Evaluating and Comparing Crowd Simulations: Perspectives from a Crowd Authoring Tool
Gabriel Fonseca Silva, Paulo Ricardo Knob, Rubens Halbig Montanha, Soraia Raupp Musse
TL;DR
The paper extends WebCrowds to enable end-to-end evaluation and direct comparison of multiple crowd configurations in evacuation scenarios. It introduces a new metric $\\phi$ that combines normalized time, density, speed, and traveled distance via a harmonic-mean formulation, with normalization anchored to a reference agent; a multi-configuration workflow enables parallel simulations and objective ranking of configurations. Through five scenario tests and a small expert panel, the authors show that $\\phi$ aligns with expert judgments in most cases and provides a practical alternative to the Cassol 2017 metric for selecting optimal evacuation configurations. The work demonstrates that integrating authoring, simulation, and quantitative comparison in a single tool can support safer, more effective evacuation planning and environment design in real-world settings.
Abstract
Crowd simulation is a research area widely used in diverse fields, including gaming and security, assessing virtual agent movements through metrics like time to reach their goals, speed, trajectories, and densities.
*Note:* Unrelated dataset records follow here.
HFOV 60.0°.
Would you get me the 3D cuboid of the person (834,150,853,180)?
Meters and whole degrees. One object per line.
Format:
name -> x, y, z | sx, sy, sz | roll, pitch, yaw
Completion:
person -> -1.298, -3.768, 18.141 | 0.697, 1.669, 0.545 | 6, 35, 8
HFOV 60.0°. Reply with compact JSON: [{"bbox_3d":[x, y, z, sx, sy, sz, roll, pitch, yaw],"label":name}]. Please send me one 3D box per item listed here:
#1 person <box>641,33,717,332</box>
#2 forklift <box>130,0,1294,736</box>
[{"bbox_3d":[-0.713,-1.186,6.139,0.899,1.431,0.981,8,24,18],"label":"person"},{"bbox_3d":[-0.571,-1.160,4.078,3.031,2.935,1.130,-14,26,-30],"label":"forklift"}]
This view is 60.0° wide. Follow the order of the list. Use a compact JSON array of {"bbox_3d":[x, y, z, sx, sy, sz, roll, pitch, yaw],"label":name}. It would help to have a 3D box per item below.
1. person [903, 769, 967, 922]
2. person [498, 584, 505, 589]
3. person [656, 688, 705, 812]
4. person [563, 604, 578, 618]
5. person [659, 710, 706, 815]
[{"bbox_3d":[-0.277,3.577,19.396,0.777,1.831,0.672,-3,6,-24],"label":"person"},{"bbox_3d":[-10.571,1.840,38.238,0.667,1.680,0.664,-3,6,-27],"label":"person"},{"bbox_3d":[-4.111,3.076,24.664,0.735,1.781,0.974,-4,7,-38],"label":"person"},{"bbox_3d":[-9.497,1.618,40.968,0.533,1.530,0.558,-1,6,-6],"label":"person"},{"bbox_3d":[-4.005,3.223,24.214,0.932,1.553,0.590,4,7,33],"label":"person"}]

This is relevant for security applications, for instance, as different crowd configurations can determine the time people spend in environments trying to evacuate them. In this work, we extend WebCrowds, an authoring tool for crowd simulation, to allow users to build scenarios and evaluate them through a set of metrics. The aim is to provide a quantitative metric that can, based on simulation data, select the best crowd configuration in a certain environment. We conduct experiments to validate our proposed metric in multiple crowd simulation scenarios and perform a comparison with another metric found in the literature. The results show that experts in the domain of crowd scenarios agree with our proposed quantitative metric.